(Beginning of ENTRIES SUPPLIED)
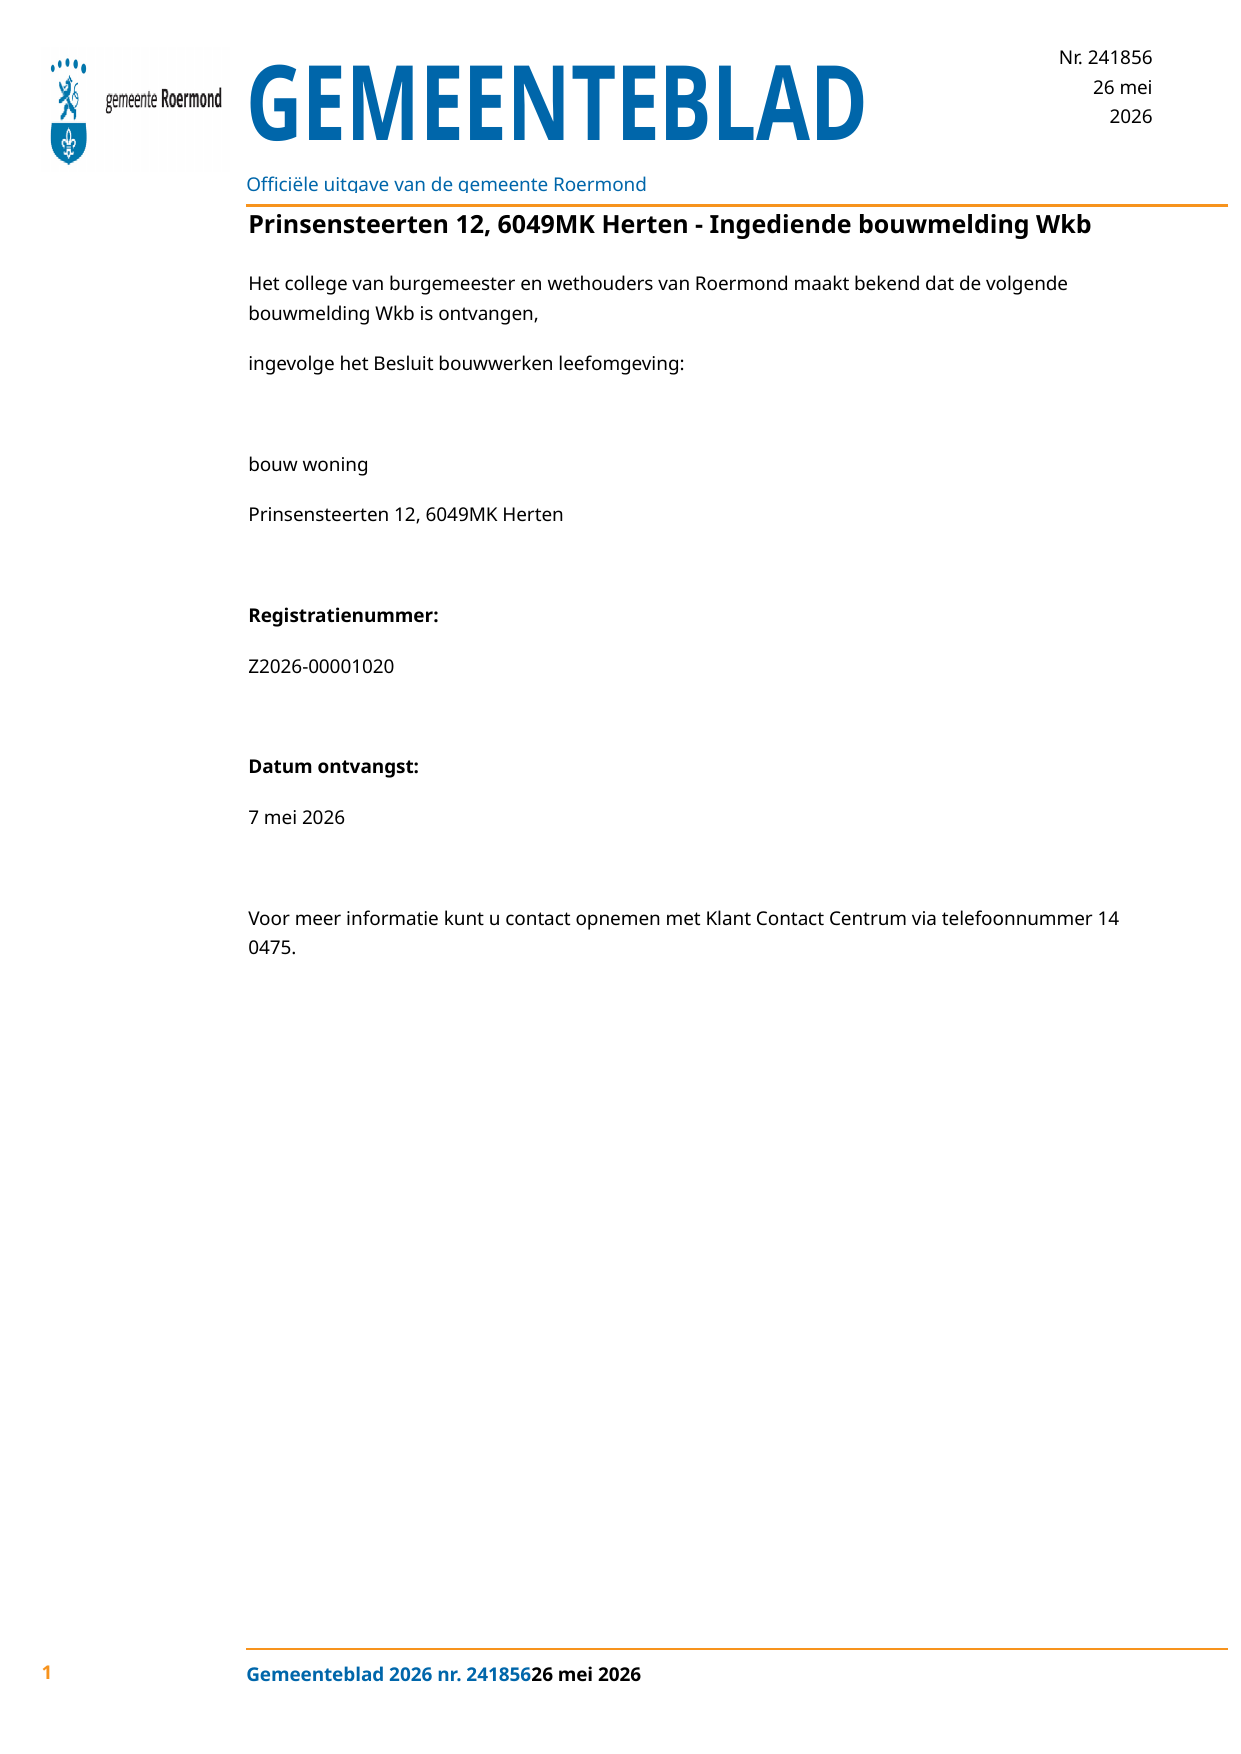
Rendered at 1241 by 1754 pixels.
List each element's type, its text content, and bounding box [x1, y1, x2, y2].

text Z2026-00001020 [248, 653, 1152, 678]
text Registratienummer: [248, 602, 1152, 628]
text Voor meer informatie kunt u contact opnemen met Klant Contact Centrum via telefoonnummer 14 0475. [248, 905, 1152, 960]
text Datum ontvangst: [248, 754, 1152, 779]
text Prinsensteerten 12, 6049MK Herten - Ingediende bouwmelding Wkb [248, 207, 1152, 241]
text Het college van burgemeester en wethouders van Roermond maakt bekend dat de volgende bouwmelding Wkb is ontvangen, [248, 270, 1152, 326]
text bouw woning [248, 451, 1152, 477]
text ingevolge het Besluit bouwwerken leefomgeving: [248, 350, 1152, 376]
text Prinsensteerten 12, 6049MK Herten [248, 502, 1152, 527]
picture [41, 47, 231, 172]
text 7 mei 2026 [248, 804, 1152, 830]
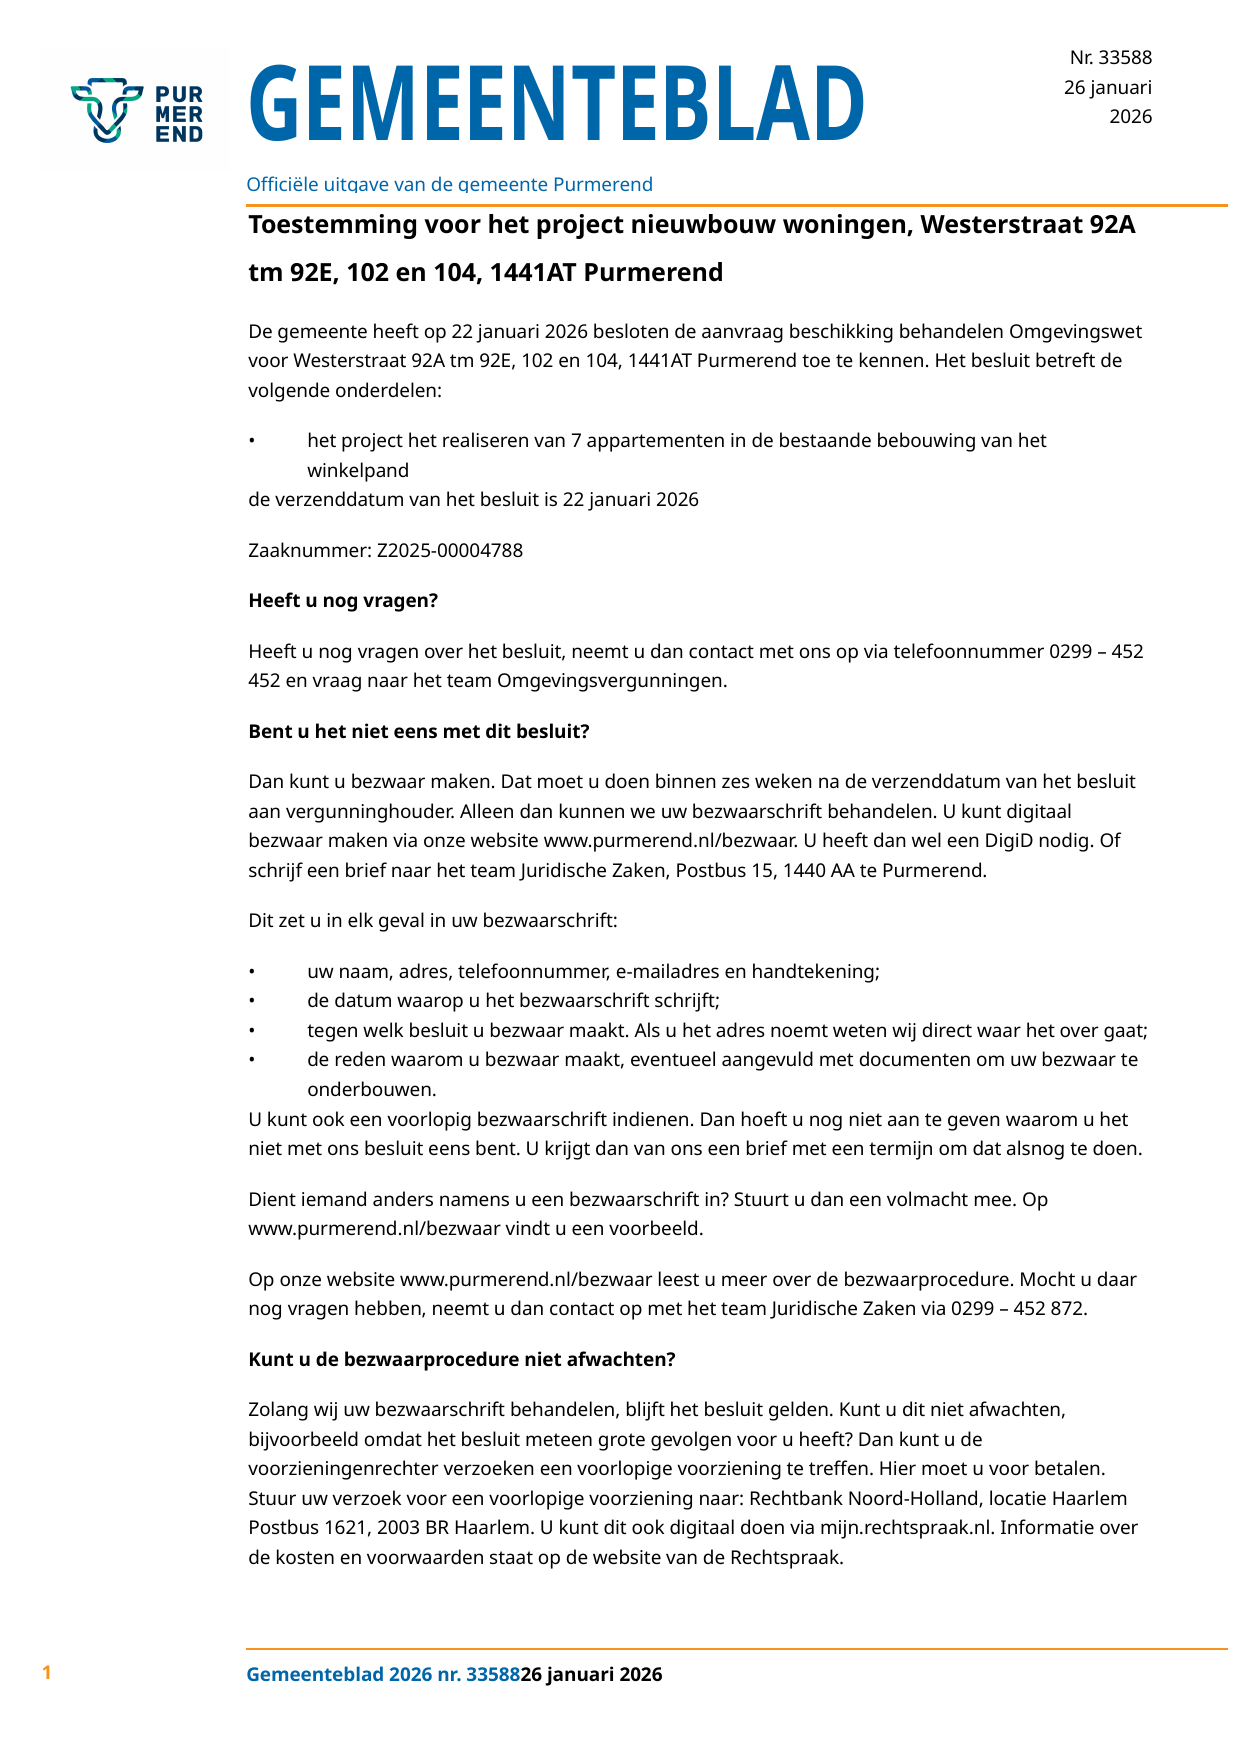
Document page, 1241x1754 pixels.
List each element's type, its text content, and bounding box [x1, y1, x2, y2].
(End of ENTRIES SUPPLIED)
> **TRY IT**: Work out the number of lines in this listing that include the word "pixels". Reply with that number only.

> **SOLUTION FOR THIS TASK**: 2